7.inside view of someone who needs dental surgery
8.alien bug squid thing
9. two deer riding quads jumping over a spider (motorcycle thing)
10. a scene from “The little mermaid”

and yes, i do have my foil hat.


Comment from Scubafreak
Time: August 3, 2010, 7:26 pm

It also kind of resembles an ashtray made by a pre-schooler in art class.


Comment from Docitburnswhenipost
Time: August 3, 2010, 7:33 pm

Doc, why are you showing me all these dirty pictures?


Comment from Big Blue Bug
Time: August 4, 2010, 12:16 am

Mostly, the paper used for these images are very
nice and vellumy. They burn with the most beautiful blue hue.

Take a tip from BBB, always ask for some lemon juice and a candle. And mumble something about secret messages.
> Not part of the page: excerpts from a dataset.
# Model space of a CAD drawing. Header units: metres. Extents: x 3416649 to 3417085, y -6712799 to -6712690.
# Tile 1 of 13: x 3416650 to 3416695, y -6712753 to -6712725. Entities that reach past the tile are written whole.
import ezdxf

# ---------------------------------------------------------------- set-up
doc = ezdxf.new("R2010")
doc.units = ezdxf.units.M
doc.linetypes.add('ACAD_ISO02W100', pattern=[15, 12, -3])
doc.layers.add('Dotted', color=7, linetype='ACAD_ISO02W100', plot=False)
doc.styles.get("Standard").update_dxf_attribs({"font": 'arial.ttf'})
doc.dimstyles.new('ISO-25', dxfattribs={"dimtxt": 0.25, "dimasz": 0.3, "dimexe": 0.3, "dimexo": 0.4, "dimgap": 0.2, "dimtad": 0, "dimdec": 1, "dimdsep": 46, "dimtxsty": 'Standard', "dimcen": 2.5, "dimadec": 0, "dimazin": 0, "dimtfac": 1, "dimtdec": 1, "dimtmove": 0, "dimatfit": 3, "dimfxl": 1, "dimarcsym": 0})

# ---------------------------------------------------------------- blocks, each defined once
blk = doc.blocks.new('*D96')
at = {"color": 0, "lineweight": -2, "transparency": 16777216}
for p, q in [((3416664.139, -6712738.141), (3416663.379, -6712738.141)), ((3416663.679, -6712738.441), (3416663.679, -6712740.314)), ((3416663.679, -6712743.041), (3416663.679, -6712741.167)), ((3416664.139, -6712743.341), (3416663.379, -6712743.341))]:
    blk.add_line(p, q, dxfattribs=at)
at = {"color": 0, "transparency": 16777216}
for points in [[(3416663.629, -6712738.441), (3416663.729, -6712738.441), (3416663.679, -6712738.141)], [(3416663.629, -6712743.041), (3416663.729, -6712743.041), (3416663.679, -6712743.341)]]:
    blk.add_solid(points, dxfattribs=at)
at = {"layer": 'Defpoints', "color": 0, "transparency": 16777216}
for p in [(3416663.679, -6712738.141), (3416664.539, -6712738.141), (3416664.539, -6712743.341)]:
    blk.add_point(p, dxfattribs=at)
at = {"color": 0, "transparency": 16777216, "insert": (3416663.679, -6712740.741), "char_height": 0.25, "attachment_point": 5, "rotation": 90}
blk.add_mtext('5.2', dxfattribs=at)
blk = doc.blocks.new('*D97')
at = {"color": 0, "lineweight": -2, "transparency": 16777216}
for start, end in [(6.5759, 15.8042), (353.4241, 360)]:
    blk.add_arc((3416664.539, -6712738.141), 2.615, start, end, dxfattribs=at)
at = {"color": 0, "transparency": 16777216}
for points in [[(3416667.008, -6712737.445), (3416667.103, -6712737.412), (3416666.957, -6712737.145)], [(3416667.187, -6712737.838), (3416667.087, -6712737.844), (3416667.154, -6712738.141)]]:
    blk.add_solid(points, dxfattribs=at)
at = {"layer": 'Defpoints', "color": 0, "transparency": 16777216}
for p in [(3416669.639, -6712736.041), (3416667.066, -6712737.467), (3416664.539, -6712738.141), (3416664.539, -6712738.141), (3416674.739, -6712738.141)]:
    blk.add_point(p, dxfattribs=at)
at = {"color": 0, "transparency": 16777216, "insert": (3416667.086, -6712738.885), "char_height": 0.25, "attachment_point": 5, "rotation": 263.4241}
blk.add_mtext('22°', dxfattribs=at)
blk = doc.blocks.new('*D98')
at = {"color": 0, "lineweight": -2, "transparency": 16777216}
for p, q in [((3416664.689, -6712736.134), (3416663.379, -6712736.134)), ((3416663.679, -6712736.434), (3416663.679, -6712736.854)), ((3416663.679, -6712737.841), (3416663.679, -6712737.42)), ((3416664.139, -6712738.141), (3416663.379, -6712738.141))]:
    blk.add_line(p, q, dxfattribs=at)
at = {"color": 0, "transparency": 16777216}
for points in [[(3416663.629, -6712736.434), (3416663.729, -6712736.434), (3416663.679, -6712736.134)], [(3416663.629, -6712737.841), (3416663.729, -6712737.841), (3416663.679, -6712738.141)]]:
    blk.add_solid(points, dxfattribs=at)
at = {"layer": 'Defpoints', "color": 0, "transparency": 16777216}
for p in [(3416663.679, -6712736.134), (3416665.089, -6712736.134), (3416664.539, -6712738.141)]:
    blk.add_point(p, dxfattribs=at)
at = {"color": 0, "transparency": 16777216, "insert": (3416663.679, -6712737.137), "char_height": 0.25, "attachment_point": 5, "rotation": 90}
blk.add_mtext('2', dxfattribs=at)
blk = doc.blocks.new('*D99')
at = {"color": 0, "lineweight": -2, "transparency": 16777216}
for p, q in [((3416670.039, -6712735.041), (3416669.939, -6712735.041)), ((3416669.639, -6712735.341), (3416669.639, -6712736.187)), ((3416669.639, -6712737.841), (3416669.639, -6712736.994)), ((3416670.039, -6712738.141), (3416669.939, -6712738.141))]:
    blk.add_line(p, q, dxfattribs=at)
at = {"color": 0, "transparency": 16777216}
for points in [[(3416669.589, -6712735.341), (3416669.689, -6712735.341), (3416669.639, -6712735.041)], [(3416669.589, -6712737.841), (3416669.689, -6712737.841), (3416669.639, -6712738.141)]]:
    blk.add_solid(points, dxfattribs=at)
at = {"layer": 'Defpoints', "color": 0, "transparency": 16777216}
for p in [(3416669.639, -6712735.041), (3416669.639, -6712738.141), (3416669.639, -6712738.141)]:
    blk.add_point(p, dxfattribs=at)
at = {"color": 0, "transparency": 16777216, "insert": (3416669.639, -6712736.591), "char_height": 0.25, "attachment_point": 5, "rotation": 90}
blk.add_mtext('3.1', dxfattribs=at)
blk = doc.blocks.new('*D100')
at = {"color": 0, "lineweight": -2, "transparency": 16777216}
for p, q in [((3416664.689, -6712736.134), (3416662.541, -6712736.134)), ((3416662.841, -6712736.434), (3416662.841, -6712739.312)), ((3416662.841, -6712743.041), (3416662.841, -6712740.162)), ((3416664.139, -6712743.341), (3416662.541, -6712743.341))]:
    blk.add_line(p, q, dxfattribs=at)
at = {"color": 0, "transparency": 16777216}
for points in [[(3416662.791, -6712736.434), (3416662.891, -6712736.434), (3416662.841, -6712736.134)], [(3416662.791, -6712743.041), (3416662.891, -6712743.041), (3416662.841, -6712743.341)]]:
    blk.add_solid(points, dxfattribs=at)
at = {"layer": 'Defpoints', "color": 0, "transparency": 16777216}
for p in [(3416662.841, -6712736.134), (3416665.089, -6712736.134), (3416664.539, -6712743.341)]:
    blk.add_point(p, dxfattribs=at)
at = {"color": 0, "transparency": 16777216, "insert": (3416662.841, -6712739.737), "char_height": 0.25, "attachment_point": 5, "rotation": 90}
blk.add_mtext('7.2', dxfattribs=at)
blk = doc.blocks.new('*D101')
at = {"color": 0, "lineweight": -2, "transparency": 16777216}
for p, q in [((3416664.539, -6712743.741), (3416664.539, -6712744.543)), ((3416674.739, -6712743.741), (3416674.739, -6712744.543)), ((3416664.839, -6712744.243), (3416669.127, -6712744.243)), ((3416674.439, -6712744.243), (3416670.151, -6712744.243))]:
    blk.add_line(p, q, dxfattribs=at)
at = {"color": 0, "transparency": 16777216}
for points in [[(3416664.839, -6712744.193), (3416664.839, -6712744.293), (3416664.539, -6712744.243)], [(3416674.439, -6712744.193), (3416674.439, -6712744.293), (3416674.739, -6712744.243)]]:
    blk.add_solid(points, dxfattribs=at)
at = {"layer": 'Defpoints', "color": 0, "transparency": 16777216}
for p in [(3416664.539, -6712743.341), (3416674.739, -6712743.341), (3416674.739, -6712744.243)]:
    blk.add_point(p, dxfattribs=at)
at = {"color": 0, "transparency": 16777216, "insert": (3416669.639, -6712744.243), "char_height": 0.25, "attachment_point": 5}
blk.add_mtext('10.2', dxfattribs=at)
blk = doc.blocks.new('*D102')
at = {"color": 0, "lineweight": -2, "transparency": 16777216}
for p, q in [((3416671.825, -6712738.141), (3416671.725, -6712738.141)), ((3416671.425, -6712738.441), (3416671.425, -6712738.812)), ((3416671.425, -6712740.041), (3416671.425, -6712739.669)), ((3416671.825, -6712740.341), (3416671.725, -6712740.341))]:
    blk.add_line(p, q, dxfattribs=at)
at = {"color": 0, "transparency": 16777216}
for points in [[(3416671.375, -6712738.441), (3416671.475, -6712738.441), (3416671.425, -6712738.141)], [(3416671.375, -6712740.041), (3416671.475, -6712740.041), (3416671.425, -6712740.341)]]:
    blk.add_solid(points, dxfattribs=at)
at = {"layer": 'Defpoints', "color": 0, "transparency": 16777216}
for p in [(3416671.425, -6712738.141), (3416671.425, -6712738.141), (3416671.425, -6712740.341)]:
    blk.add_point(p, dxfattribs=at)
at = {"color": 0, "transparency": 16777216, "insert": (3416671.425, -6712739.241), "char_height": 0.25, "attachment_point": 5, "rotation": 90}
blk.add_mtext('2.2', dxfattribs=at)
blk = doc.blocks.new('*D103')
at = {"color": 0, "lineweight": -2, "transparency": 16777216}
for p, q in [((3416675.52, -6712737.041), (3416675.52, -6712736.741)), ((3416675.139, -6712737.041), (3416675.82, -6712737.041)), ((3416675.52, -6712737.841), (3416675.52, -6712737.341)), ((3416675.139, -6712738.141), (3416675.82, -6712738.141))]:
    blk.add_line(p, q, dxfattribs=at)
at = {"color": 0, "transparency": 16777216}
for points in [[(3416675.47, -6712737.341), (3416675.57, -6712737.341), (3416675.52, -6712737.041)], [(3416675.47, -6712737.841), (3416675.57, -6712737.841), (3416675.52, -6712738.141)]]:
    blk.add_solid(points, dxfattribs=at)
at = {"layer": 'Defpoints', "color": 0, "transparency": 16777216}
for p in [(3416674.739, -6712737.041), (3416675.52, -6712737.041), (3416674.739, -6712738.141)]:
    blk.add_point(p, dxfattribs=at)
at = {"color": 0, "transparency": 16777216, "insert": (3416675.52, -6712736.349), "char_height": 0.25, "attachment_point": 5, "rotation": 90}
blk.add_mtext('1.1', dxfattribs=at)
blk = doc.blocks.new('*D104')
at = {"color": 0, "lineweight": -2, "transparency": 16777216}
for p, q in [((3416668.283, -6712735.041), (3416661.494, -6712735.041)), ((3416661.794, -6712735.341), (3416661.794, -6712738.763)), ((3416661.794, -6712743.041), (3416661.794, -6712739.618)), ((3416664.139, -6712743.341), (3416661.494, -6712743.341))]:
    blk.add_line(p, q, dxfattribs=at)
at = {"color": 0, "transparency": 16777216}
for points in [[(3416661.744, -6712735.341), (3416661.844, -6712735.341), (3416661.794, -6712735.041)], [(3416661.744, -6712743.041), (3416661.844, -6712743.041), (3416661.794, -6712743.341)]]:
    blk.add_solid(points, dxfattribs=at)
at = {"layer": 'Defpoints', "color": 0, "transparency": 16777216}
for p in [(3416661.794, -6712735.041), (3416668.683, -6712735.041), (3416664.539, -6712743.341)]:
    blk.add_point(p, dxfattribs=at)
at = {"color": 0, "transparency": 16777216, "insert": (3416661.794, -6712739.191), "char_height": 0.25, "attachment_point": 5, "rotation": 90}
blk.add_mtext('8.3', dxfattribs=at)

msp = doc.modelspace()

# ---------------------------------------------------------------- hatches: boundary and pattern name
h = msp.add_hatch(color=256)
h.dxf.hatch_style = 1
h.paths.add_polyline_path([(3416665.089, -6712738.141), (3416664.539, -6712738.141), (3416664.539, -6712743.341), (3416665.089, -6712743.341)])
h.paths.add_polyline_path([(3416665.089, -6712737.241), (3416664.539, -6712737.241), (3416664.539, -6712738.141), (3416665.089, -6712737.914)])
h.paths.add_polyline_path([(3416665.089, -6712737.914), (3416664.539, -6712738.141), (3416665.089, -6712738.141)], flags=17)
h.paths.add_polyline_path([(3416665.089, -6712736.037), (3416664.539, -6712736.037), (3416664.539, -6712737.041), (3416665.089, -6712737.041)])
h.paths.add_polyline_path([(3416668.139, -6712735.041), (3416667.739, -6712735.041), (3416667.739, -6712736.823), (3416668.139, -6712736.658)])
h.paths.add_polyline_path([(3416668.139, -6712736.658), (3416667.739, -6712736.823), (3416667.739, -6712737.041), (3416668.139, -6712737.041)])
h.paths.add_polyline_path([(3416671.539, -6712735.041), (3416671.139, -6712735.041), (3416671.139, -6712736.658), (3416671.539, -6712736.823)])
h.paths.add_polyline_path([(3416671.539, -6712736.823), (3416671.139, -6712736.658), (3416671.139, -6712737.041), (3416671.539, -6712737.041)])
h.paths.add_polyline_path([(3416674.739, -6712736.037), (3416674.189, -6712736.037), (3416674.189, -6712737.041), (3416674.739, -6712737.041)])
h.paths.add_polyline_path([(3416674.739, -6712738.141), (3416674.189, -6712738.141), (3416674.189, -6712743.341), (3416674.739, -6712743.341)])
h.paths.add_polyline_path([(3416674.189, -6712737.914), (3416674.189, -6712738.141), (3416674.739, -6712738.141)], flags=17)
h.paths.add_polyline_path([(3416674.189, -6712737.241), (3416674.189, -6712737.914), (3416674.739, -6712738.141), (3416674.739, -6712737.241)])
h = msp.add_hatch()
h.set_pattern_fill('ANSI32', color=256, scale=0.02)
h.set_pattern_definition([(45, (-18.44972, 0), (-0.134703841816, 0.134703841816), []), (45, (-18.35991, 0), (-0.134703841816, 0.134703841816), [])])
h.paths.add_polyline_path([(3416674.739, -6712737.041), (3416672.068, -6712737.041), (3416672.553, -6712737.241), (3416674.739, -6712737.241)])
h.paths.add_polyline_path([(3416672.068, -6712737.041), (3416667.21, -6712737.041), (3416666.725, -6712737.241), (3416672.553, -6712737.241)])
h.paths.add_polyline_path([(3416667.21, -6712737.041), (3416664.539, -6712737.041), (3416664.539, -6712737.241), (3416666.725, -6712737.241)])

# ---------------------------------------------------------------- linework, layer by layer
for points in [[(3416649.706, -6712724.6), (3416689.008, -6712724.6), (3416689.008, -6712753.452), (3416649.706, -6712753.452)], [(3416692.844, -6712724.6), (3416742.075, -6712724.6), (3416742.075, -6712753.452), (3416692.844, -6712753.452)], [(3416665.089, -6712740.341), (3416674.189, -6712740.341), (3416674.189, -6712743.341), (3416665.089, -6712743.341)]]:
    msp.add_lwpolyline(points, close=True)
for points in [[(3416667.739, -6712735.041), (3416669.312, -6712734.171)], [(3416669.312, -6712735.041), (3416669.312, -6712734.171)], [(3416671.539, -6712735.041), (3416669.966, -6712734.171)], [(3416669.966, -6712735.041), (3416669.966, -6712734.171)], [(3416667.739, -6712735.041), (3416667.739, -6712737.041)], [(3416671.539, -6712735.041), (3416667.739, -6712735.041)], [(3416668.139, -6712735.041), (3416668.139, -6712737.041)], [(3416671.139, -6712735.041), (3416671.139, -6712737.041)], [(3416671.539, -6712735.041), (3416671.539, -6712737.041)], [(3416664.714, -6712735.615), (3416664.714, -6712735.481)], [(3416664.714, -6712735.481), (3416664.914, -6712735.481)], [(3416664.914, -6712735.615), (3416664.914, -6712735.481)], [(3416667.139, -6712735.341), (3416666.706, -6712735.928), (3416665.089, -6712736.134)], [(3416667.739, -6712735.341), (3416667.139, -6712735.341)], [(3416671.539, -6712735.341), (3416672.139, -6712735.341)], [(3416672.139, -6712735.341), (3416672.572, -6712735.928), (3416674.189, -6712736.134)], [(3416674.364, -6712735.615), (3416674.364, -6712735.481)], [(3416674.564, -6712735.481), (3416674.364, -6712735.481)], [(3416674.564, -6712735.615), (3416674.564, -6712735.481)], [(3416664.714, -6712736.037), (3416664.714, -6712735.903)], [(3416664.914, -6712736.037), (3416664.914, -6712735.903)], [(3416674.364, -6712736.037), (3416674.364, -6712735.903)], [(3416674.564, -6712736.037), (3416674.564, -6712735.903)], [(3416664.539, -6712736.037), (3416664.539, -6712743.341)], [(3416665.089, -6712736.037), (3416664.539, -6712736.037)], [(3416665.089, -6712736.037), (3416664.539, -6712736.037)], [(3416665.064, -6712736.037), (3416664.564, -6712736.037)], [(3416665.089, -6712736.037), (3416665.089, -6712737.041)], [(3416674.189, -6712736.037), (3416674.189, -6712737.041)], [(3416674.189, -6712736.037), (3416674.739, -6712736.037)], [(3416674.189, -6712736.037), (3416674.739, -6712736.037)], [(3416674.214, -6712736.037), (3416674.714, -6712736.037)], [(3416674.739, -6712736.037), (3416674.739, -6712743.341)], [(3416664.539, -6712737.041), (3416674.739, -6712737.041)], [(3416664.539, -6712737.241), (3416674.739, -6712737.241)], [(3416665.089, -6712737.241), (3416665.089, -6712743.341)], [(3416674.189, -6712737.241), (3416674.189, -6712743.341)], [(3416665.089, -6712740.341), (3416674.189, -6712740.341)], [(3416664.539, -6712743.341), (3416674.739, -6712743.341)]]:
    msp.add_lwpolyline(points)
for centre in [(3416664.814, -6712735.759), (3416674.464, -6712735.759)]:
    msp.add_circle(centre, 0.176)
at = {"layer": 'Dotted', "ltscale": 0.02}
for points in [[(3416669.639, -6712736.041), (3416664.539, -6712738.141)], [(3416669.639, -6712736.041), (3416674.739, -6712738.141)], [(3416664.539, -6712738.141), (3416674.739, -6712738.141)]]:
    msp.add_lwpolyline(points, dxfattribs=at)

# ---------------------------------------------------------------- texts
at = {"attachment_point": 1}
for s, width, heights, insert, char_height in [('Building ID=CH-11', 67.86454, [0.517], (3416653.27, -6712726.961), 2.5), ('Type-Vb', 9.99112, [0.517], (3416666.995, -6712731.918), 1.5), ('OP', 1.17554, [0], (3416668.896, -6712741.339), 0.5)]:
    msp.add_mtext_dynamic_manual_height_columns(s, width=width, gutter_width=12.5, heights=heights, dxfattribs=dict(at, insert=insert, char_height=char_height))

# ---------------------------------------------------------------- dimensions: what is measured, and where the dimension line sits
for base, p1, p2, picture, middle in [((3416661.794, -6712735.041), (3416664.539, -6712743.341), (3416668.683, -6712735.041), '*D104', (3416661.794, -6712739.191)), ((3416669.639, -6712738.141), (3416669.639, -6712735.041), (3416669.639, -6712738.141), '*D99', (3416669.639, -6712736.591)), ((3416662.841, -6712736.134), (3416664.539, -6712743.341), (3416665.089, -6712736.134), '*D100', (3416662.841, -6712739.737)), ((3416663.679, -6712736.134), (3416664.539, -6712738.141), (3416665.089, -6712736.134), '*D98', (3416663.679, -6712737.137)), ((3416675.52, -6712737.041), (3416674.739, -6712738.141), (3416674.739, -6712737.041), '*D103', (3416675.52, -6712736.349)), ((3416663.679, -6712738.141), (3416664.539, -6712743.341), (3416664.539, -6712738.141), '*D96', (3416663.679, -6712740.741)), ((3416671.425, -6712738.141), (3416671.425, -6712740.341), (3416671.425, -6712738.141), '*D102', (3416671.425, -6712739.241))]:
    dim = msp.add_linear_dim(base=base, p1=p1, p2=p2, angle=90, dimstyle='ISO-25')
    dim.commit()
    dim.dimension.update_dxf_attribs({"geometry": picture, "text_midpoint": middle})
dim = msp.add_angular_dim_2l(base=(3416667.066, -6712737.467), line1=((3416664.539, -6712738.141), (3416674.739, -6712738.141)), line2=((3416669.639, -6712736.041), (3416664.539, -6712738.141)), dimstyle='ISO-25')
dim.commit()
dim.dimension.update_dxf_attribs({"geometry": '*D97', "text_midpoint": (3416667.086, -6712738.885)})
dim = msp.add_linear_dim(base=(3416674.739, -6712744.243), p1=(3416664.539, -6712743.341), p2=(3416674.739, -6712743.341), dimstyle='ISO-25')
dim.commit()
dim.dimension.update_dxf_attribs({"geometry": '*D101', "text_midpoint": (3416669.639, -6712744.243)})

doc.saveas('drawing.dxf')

Then say “Ha Ha, Pwned. I’m not crazy and I can prove it using geometric logic. The strawberries…..”


Comment from Bill (still the .00358% of your traffic that’s from Iraq) T
Time: August 4, 2010, 3:34 pm

1. Transgendered mutant newt Siamese twins in Nina Ricci chenille bedspreads doing the Macarena to the drum solo from “In-A-Gadda-Da-Vida.”

Okay, I lied about the bedspreads…

2. – 9. Rosemary’s Baby.

10. The only orchid ever to escape from Nero Wolfe’s sauté pan.


Comment from EW1(SG)
Time: August 6, 2010, 3:13 am

Whatever it is, Windex don’t take it off.


Comment from Can’t hark my cry
Time: August 6, 2010, 3:42 am

Whatever it is, Windex don’t take it off.

So. Next steps in the “progressively agressive approach to undesirable image” protocols:

1. Chlorine bleach
2. Citrasolve
3. Sandpaper
4. Censored (possibly involving ignition or explosion)

What? Oh. OK. Yeah. Um, right, I guess “viewing different content” could be in there. What number should we rank it at?